From the point of view of creating and maintaining real peace, U.S. policy
is a failure.

Former U.N. weapons inspector Scott Ritter-hardly an ally of the
Iraqis-has called for lifting the sanctions, saying that Iraq is
qualitatively disarmed (meaning that the capability to produce or use
weapons of mass destruction has been eliminated). But U.S. insistence on
quantitative disarmament (accounting for every last weapon or related
material) ensures there will be no constructive change.

The sanctions also have done nothing to advance democracy in Iraq. Living
on the edge of survival, the Iraqi people have few resources for pressing
political change. As Denis Halliday, the former U.N. humanitarian
coordinator in Iraq, notes, "Sanctions will not change governance to
democracy. Sanctions encourage isolation, alienation and possibly
fanaticism."

But from the point of view of maintaining and extending U.S. power, the
policy has worked. What U.S. officials want in Iraq is a government that
accepts the iron law of U.S. policy: The resources of the Middle East must
remain, as much as possible, under the effective control of the United
States.
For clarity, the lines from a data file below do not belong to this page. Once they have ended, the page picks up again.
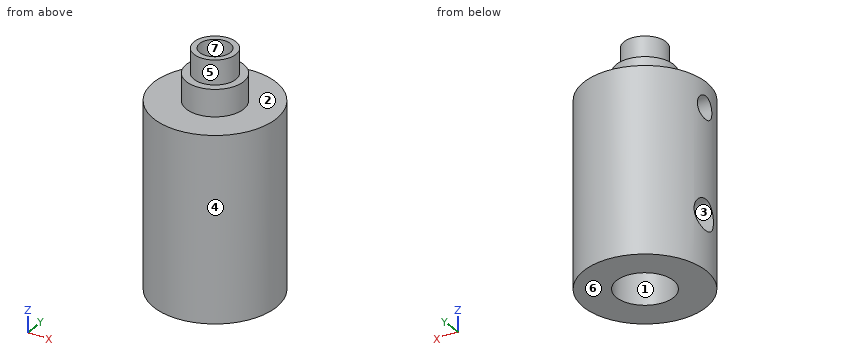
```python
from build123d import *

# Parameters (mm, degrees)
F0_R      = 5.5
F0_R_2    = 4
F1_DEPTH  = 6.36
F2_R      = 16
F2_R_2    = 5.5
F2_R_3    = 4
F3_DEPTH  = 55
F4_R      = 36.2915386418
F4_R_2    = 16
F4_R_3    = 7.5
F5_DEPTH  = 7
F6_R      = 3
F7_DEPTH  = 25
F8_R      = 7.45
F8_R_2    = 4
F9_DEPTH  = 24
F10_R     = 4
F11_DEPTH = 25


with BuildPart() as f1:
    # F0 (on Top) → F1 (new body)
    with BuildSketch(Plane.XY):
        Circle(F0_R)
        Circle(F0_R_2, mode=Mode.SUBTRACT)
    extrude(amount=F1_DEPTH)

    # F2 (on face) → F3 (join)
    with BuildSketch(Plane(origin=(0, 0, 0), x_dir=(1, 0, 0), z_dir=(0, 0, -1))):
        Circle(F2_R)
        Circle(F2_R_2, mode=Mode.SUBTRACT)
        Circle(F2_R_2)
        Circle(F2_R_3, mode=Mode.SUBTRACT)
    extrude(amount=F3_DEPTH)

    # F4 (on face) → F5 (cut)
    with BuildSketch(Plane.XY):
        Circle(F4_R)
        Circle(F4_R_2, mode=Mode.SUBTRACT)
        Circle(F4_R_2)
        Circle(F4_R_3, mode=Mode.SUBTRACT)
    extrude(amount=-F5_DEPTH, mode=Mode.SUBTRACT)

    # F6 (on Right) → F7 (cut)
    with BuildSketch(Plane.YZ):
        with Locations((0, -13.64)):
            Circle(F6_R)
    extrude(amount=-F7_DEPTH, mode=Mode.SUBTRACT)

    # F8 (on face) → F9 (cut)
    with BuildSketch(Plane(origin=(0, 0, -55), x_dir=(1, 0, 0), z_dir=(0, 0, -1))):
        Circle(F8_R)
        Circle(F8_R_2, mode=Mode.SUBTRACT)
    extrude(amount=-F9_DEPTH, mode=Mode.SUBTRACT)

    # F10 (on Right) → F11 (cut)
    with BuildSketch(Plane.YZ):
        with Locations((0, -40.9)):
            Circle(F10_R)
    extrude(amount=-F11_DEPTH, mode=Mode.SUBTRACT)


solid = f1.part
```
Design review of the part built by this model. Coordinates are the model's own, in mm. Face numbers are marked on the shaded views. A direction names the side the tool comes from. Give positions to 0.01 mm unless a question says otherwise; leave off trailing zeros. Write each loop counter-clockwise with the first axis right and the second up, starting at its lowest first coordinate (ties: lowest second). Pieces come first, ordered by that corner, then holes. Notation, with made-up numbers: (-27.5, 5) - (-5.5, 5) arc R25 ccw to (-5.5, 21) - close; hole circle Ø7 at (-17, 30). An arc over 180 degrees is marked (long way). Return JSON: item names as keys, results as strings. Group by question number.
(1) We need section C-C, the plane z = -5. Give the boundary of the cut face in (x, y), then the cut area to 3 significant figures.
(2) Mouldability with a two-part tool opening along X and no side actions: class the marked faces 5, 6 and 7 as +X half, -X half, draft (parallel to the pull), parting line (faces both ways), or undercut.
(3) We need section D-D, the plane z = -28.5. Give the boundary of the cut face in (x, y), then the cut area to 3 significant figures.
(4) Insertion check: pin 1 (6 mm diameter, centred on y = -7.5, z = -25.5, fed in from +X); pin 2 (2 mm diameter, centred on x = -2.5, y = 5.5, fed in from -Z); pin 3 (12 mm diameter, centred on x = 11.5, z = -35.5, fed in from +Y) (3 decimals). Each pin has a flat end and moves straight along its axis. Give the tip position at first contact, or say it passes through.
(5) We need section B-B, the plane x = 0. Give the boundary of the cut face in (y, z), then the cut area to 3 significant figures.
(6) We need section A-A, the plane y = 0. Give the boundary of the cut face in (x, z).
(7) Machinability: for the marked faces 1, 2, 3 and 4, which of the approach directions +Z, -Z, +X, -X, +Y, -Y give a long, thin tool a straight path to every point of the face, cutting with its end or side? Answer none if there is none.
(8) To check wall thickness, follow probe 1 along Y at (x, z) = (0, -42); probe 2 along X at (y, z) = (0, -9). State the ranges of each line that lie inside material, in increasing order.
Reported:
{
 "1": {"outline": "circle Ø15 at (0, 0); hole circle Ø8 at (0, 0)", "area": "126 mm2"},
 "2": {"face 5": "parting line", "face 6": "draft", "face 7": "undercut"},
 "3": {"outline": "circle Ø32 at (0, 0); hole circle Ø8 at (0, 0)", "area": "754 mm2"},
 "4": {"pin 1": "stops at x = 15.35", "pin 2": "stops at z = -31", "pin 3": "stops at y = 15.025"},
 "5": {"outline": "(-16, -55) - (-7.45, -55) - (-7.45, -31) - (-4, -31) - (-4, 6.36) - (-5.5, 6.36) - (-5.5, 0) - (-7.5, 0) - (-7.5, -7) - (-16, -7) - close; (4, -31) - (7.45, -31) - (7.45, -55) - (16, -55) - (16, -7) - (7.5, -7) - (7.5, 0) - (5.5, 0) - (5.5, 6.36) - (4, 6.36) - close", "area": "1,050 mm2"},
 "6": {"outline": "(-16, -55) - (-7.45, -55) - (-7.45, -44.9) - (-16, -44.9) - close; (-16, -36.9) - (-7.45, -36.9) - (-7.45, -31) - (-4, -31) - (-4, -16.64) - (-16, -16.64) - close; (-16, -10.64) - (-4, -10.64) - (-4, 6.36) - (-5.5, 6.36) - (-5.5, 0) - (-7.5, 0) - (-7.5, -7) - (-16, -7) - close; (4, -31) - (7.45, -31) - (7.45, -55) - (16, -55) - (16, -7) - (7.5, -7) - (7.5, 0) - (5.5, 0) - (5.5, 6.36) - (4, 6.36) - close"},
 "7": {"face 1": "-Z", "face 2": "+Z", "face 3": "-X", "face 4": "+Z, -Z"},
 "8": {"probe 1": "y = -16 to -7.45, 7.45 to 16", "probe 2": "x = -16 to -4, 4 to 16"}
}

The old colonial model of direct control is gone; now we rely on
the cooperation of compliant local governments (authoritarian or
democratic; we don't much care) that take their cut and ship most of the
remaining profits to the West.

Recalcitrant regimes must be broken so that the flow of oil profits to
U.S. and British banks and corporations is not threatened. Iraq, an ally
throughout the 1980s until it challenged the U.S. system, is so devastated
that it will be decades before it can rebuild.

To oppose the sanctions is not to support the brutal regime of Saddam
Hussein, but to reject genocide. That is the term that Halliday has used,
describing the sanctions as an "intentional program to destroy a culture,
a people, a country." Rather than stage-manage a genocide, Halliday
resigned in protest in 1998. In the past year, his successor, Hans von
Sponeck, did the same, as has the director of the World Food Program in
Iraq, Jutta Burghardt.

U.S. officials don't feel the same tug of conscience. When interviewed on
"60 Minutes" in 1996, Secretary of State Madeline Albright-then
U.S. ambassador to the United Nations-was asked if the deaths of a
half-million children in Iraq were acceptable. Her answer: "I think this
is a very hard choice. But the price, we think the price is worth it."

I do not know by what moral gymnastics Albright reaches such a conclusion.

I do not know how high the death toll in Iraq will climb before
U.S. policy changes.

And 55 years from now, I don't know which anniversary of death will weigh
most on the consciences of Americans.